そうでなくともビジネスパーソンの身体はさまざまなストレスを受けているのですから、やはりまずみなさん自身が「食と健康」に意識を向けて、日々何を食べているのか、「5色」をベースに変えていってほしいと思います。
まず最初に一週間をやってみる
「5色健康法」を取り入れた人に共通するのは、自分の身体を動かすことが苦ではなくなること。
自分で何を食べたかを常に意識しているので、例えば「好きな肉をちょっと食べ過ぎたかな」と思えば、その分、次の日には意識して歩こうといった具合です。
決して我慢したり無理な食事制限をするのではなく、「5色」を意識して食べながら身体を動かすようになるのが特徴といえるでしょう。
なぜそうなるかといえば、「5色健康法」を取り入れることで、食材の力が体に効いていることがわかり、自分で自分の身体をコントロールしている実感ができるからです。

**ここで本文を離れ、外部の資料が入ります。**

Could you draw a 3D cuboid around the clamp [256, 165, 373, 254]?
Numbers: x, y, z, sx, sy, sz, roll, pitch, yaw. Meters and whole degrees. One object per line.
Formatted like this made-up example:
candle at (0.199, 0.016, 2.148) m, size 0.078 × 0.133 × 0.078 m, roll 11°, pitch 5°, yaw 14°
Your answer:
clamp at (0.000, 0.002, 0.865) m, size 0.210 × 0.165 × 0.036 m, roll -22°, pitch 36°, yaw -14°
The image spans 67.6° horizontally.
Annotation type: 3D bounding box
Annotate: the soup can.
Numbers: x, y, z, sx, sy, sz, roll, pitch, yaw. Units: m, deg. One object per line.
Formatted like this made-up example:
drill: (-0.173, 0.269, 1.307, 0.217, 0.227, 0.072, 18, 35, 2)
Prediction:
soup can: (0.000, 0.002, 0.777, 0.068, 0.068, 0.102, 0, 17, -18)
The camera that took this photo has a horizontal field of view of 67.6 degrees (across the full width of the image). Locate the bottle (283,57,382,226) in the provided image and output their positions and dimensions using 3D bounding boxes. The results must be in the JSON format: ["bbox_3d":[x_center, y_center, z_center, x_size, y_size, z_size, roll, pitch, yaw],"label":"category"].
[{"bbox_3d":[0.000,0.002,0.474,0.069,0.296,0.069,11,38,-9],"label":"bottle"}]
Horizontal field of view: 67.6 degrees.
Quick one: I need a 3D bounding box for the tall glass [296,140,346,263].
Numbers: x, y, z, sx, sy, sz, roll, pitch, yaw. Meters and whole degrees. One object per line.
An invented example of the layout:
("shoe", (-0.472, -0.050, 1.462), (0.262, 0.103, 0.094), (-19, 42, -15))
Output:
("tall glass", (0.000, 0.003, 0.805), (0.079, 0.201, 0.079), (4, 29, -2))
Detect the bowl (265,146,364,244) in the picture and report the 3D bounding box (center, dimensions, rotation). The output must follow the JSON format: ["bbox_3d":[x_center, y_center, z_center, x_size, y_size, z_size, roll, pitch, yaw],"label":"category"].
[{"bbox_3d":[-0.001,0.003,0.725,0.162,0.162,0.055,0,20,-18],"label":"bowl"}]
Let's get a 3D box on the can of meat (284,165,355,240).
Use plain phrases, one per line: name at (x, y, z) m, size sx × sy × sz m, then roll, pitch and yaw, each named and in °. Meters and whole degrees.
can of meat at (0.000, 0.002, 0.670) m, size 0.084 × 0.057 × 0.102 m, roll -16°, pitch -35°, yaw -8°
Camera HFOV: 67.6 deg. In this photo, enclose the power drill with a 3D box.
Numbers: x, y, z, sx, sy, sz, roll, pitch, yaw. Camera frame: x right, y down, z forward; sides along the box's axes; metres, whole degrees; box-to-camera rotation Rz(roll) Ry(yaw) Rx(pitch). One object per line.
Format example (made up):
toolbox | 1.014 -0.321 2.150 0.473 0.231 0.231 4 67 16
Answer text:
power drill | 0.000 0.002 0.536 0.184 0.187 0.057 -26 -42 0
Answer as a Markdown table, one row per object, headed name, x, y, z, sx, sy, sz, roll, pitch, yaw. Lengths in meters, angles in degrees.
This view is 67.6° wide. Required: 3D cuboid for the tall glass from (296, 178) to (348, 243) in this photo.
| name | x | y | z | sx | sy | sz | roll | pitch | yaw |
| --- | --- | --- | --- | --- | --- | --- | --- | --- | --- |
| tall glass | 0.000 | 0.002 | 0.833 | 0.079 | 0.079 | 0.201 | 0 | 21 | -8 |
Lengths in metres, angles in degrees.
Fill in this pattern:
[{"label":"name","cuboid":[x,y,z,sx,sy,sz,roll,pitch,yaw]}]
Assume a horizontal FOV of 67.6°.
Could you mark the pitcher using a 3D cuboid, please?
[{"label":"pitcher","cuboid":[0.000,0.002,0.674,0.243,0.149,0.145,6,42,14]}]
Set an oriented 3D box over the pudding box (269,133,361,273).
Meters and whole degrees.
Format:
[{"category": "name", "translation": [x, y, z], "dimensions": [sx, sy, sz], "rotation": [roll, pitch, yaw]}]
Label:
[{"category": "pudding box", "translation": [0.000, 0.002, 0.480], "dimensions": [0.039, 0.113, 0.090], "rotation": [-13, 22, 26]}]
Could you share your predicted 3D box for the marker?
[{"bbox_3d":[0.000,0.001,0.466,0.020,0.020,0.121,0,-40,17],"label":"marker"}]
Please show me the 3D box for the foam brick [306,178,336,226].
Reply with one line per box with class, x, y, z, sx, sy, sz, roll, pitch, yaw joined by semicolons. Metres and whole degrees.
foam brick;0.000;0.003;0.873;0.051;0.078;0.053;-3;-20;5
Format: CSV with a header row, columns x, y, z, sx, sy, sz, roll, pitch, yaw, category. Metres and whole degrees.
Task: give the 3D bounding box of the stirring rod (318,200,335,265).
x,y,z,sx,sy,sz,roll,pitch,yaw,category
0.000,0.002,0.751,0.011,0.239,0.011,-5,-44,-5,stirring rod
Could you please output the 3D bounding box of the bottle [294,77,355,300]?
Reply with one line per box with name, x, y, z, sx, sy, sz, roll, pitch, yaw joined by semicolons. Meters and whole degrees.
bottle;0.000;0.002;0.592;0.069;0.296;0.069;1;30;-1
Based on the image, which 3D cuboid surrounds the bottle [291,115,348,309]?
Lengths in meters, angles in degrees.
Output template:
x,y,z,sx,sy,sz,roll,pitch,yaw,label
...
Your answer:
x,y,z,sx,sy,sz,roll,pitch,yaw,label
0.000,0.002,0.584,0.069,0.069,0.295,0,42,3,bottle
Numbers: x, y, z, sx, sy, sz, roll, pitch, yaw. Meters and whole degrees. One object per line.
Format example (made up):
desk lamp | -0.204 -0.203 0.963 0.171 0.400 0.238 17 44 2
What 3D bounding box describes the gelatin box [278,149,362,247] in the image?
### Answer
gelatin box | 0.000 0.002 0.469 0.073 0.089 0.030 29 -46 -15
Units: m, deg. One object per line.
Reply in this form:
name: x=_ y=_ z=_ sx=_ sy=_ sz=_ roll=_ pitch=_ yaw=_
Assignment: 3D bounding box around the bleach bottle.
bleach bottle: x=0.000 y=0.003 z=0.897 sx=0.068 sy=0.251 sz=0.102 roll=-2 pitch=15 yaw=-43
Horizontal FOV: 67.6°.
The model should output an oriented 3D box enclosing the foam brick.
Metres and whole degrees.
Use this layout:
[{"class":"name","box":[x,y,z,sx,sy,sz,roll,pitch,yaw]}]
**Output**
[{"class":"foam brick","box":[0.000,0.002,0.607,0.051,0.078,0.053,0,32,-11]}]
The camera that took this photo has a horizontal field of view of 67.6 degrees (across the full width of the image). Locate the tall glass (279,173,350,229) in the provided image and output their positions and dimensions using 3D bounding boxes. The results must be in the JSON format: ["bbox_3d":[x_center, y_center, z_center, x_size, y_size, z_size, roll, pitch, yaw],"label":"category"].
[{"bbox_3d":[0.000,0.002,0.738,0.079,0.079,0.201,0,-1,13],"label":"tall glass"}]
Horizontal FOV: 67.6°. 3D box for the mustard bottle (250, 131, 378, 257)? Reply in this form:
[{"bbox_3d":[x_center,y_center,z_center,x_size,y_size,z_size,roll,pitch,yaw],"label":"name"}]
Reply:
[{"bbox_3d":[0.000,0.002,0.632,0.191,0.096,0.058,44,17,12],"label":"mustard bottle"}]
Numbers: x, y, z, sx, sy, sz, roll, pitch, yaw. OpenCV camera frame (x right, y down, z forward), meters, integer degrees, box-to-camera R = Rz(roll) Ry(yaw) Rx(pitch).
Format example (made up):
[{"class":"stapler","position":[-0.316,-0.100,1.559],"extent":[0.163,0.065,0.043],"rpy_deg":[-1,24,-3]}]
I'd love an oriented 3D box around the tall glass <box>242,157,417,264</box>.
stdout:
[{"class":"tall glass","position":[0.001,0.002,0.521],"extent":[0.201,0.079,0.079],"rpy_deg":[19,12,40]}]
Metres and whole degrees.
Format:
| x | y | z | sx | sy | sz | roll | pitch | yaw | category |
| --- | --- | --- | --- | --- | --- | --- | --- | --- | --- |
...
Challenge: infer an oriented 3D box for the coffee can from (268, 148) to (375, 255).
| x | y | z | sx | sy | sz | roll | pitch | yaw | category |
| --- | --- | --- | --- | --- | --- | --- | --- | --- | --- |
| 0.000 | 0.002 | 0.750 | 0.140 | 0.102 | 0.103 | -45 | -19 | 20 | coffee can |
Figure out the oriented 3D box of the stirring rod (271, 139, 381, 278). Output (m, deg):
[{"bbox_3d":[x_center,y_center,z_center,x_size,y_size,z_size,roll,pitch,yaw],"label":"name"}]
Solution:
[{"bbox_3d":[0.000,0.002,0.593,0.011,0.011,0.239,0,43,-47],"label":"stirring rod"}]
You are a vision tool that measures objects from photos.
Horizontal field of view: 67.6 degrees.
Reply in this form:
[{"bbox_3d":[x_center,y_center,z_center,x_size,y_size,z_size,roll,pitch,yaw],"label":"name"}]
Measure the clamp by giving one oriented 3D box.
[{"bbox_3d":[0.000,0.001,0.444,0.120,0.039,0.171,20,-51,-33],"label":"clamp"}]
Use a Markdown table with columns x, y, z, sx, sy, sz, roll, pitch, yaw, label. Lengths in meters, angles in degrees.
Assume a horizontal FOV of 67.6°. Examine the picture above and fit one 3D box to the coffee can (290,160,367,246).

何も意識せずに食べていたときと比べたら、「白」の食材のご飯をちょっと減らして、代わりに「黄」の納豆をしっかり食べようと行動を変えることができるので、自ずと体重も減らしやすくなります。
そこにさらに運動もするわけですから、自分で自分の身体をマネジメントできている実感も持てるわけです。
簡単に効率よくできる5色健康法をはじめよう
「5色健康法」は、厳密に毎食のカロリーを計算して意識する必要はありません。それでも結果的にカロリーを減らすことができます。
個人差はありますが、早い人では1週間5色を意識して食べるように変えてみると、体重も減って疲れにくくなったと感じる人もいます。一週間でこれだけの変化があるのだから、これを1カ月、半年と続けることができれば、もっといい状態に変われるのではないか。そう思うのも自然なことです。
そうやって特に難しいことも無理なこともやっていないのに、自然と元気で健康になれる。それはやはり「5色健康法」が私たち日本人が昔から受け継いできた、日本人にとってちょうどいい食生活に合っているからではないでしょうか。
日本人の食と健康の知恵。それは時代を超えてつながれていくものです。みなさんもこれを機にぜひ、「5色健康法」を試していただければ幸いです。